Son günlerde Türkiye Büyük Millet Meclisi’nde ortaya konan şiddet görüntüleri bizde olduğu kadar tüm dünya ülkelerinde de büyük merak ve ilgiyle izleniyor. Bu hiç de istenmeyen olayların durdurulması da mümkün gözükmüyor.
Tüm görsel ve yazılı basın orğanlarında şiddet ön planda geliyor. Şiddetin karşılığı ise büyük para demek. Örneğin televizyon dizilerinde şiddet omazsa reyting olmuyor ve şirketler büyük zarara uğruyorlar ve bu yüzden şiddet olmayan bir dizinin yayında kalması mümkün olmuyor. Bunu gözleyen yapımcılarda modaya uyarak şiddeti ön plana çıkarıyorlar. Öyle çıkarıyorlar ki,konu edilen kötü örneğin dünyada bir benzerine rastlamamız mümkün değil.

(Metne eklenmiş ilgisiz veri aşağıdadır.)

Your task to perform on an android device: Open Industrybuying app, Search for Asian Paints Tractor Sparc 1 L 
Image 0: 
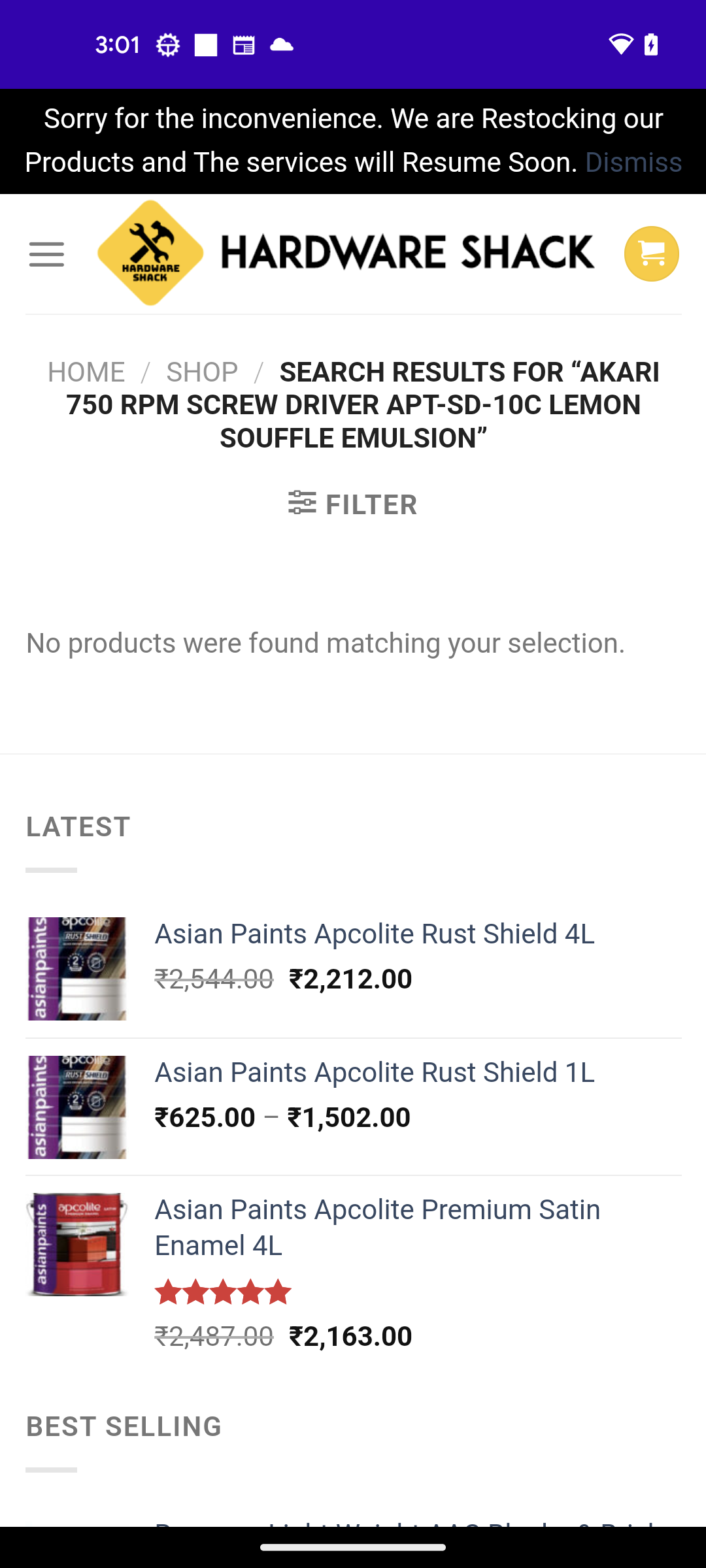
Open Industrybuying app
Step 0: open app "Industrybuying"
Image 1: 
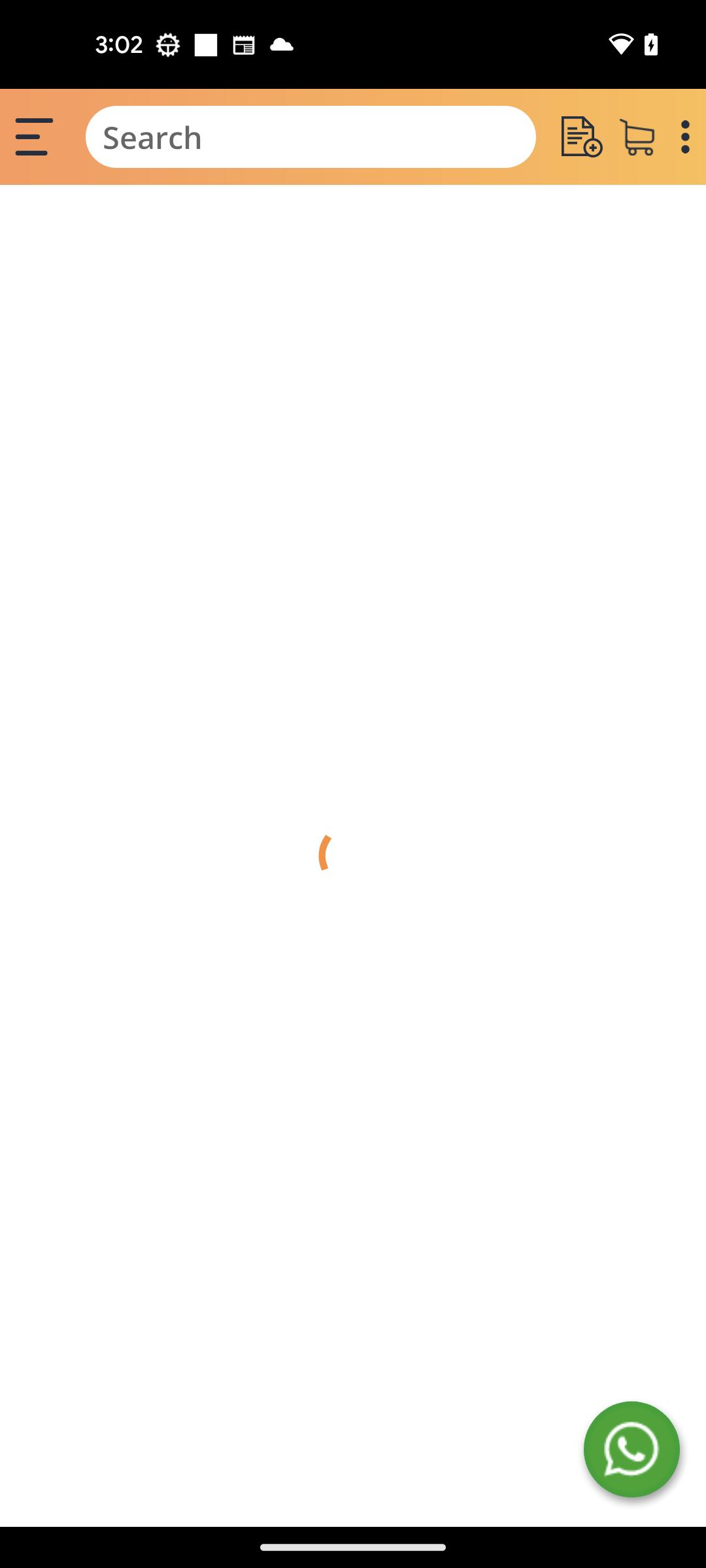
Open Industrybuying app
Step 1: wait
Image 2: 
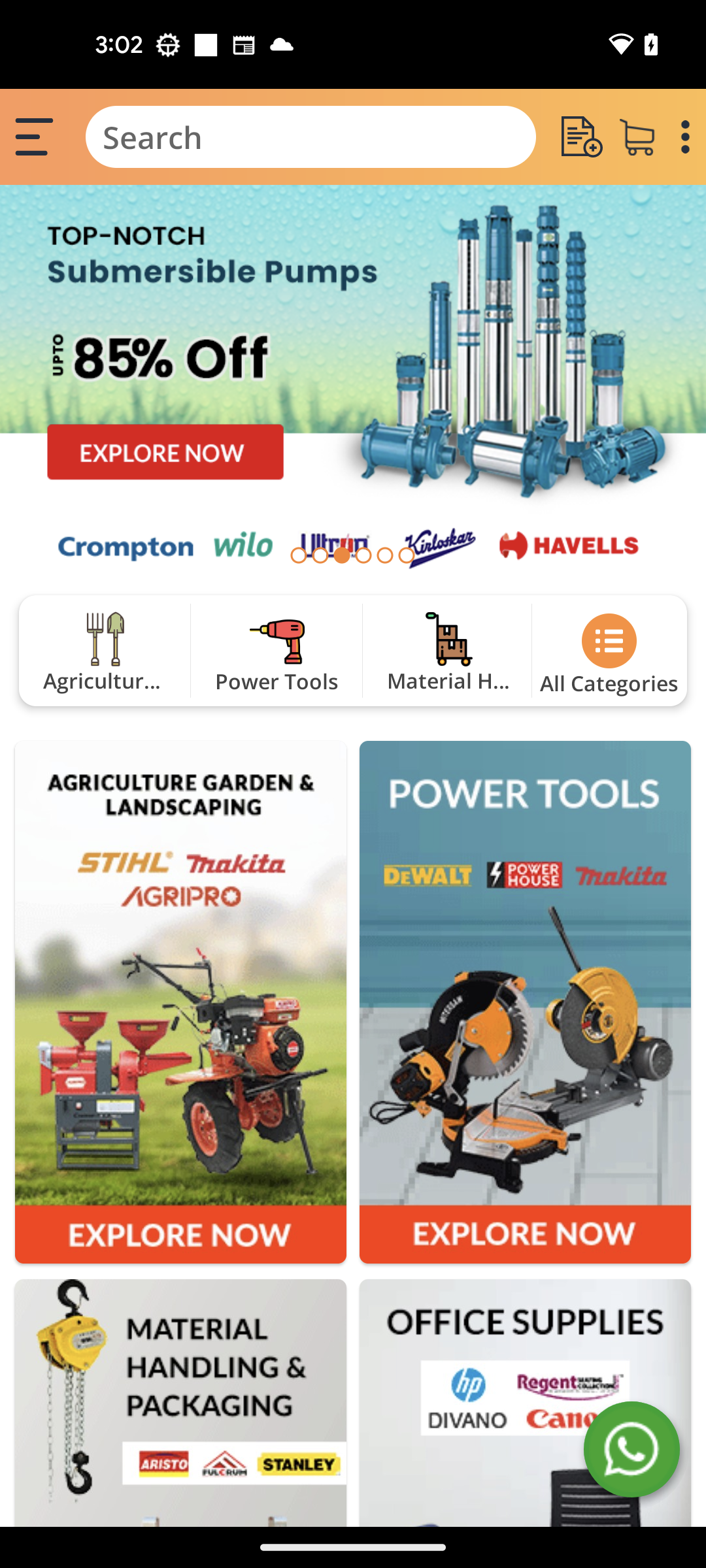
Click on the search bar at the top of the screen
Step 2: click (311, 137)
Image 3: 
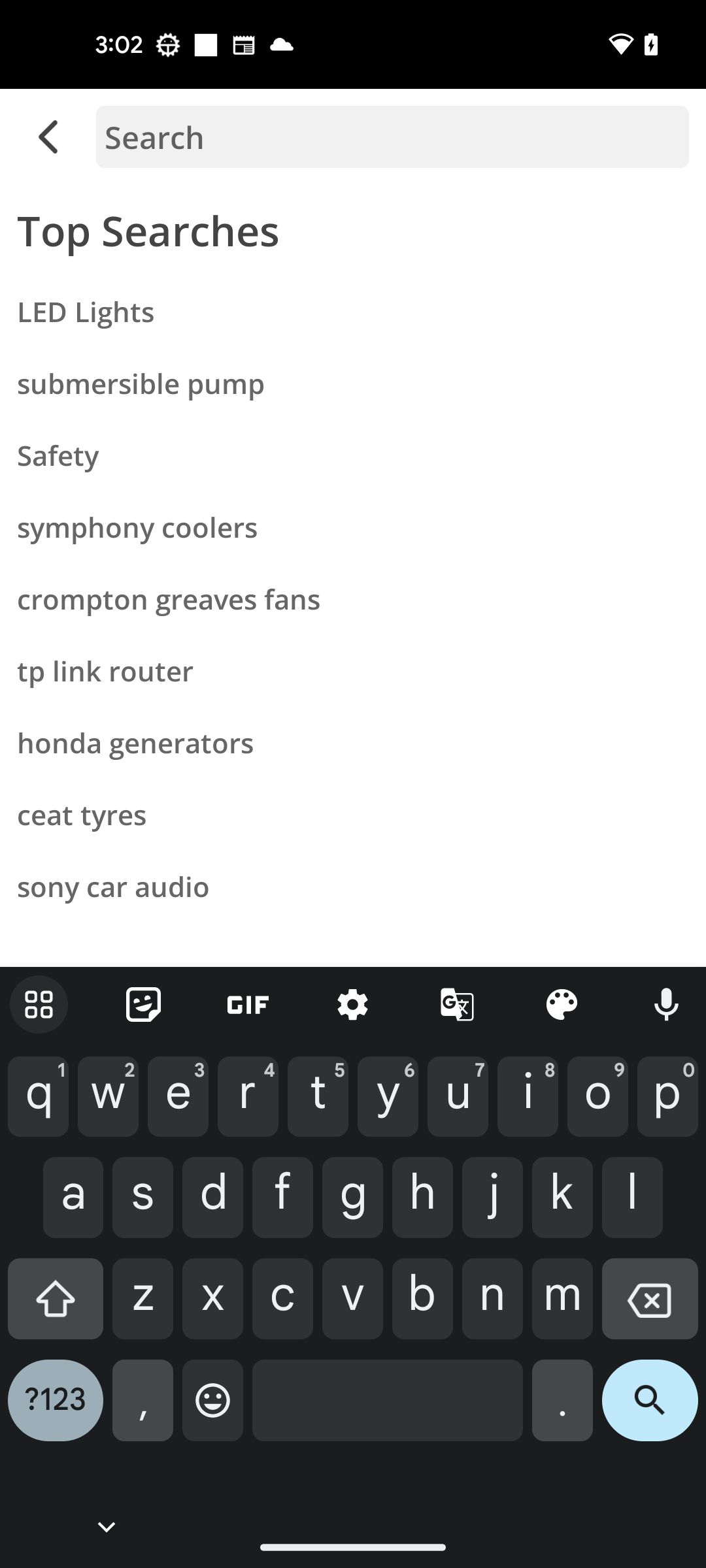
Search for Asian Paints Tractor Sparc 1L
Step 3: type "Asian Paints Tractor Sparc 1 L"
Image 4: 
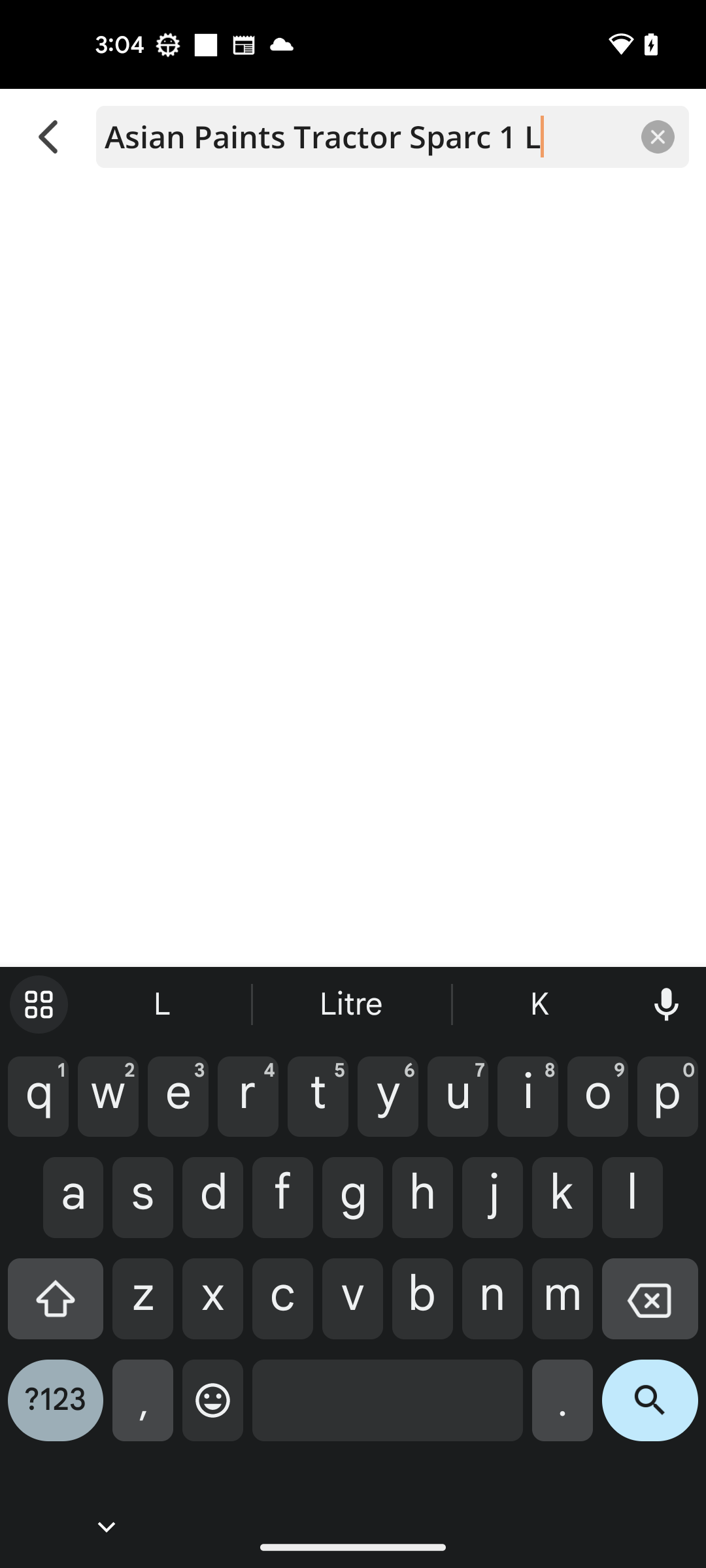
Click on the search icon at the bottom right corner of the screen
Step 4: click (650, 1410)

Gelelim kadın programlarına kadın programlarının derdi de şiddet. Tüm programlara bakın şiddet olmadığı zaman ilk yüz program içinde 80’li sıralarda olan bir dizide şiddet ağırlıklı bir uygulama olduğu zaman bakıyorsunuz adı geçen program 30-40 sınırlarına yükseliyor. Bu durum şirket yöneticileri tarafından senaristlere aktarılıyor ve dizi şiddet içeren bir konuma geliyor.
Reytingleri belirleyen halk olduğuna göre. seyircinin büyük çoğunluğu şiddet istiyor.Bunu nasıl ortadan kaldıracağımızı düşünmemiz gerekiyor.
Televizyon haber kanallarında da durum farklı değil. Yapılan oturumların başlangıcında birbirlerine centilmenlik örnekleri sergileyen katılımcıların kısa süre sonra canavarlaştıklarına şahit oluyoruz.
BUNLARI NASIL MOZAİKLEŞTİRECEĞİZ
Bilindiği gibi televizyon kanallarında filmler dahil sigara görüntülerinin mozaiklenerek görüntülerinin bozulduğuna şahit olurken, yukarıda konu ettiğimiz programları acaba RTÜK ne zaman mozaikleyecek diye de bir beklenti içinde olmamız akıllıca bir durum değil mi?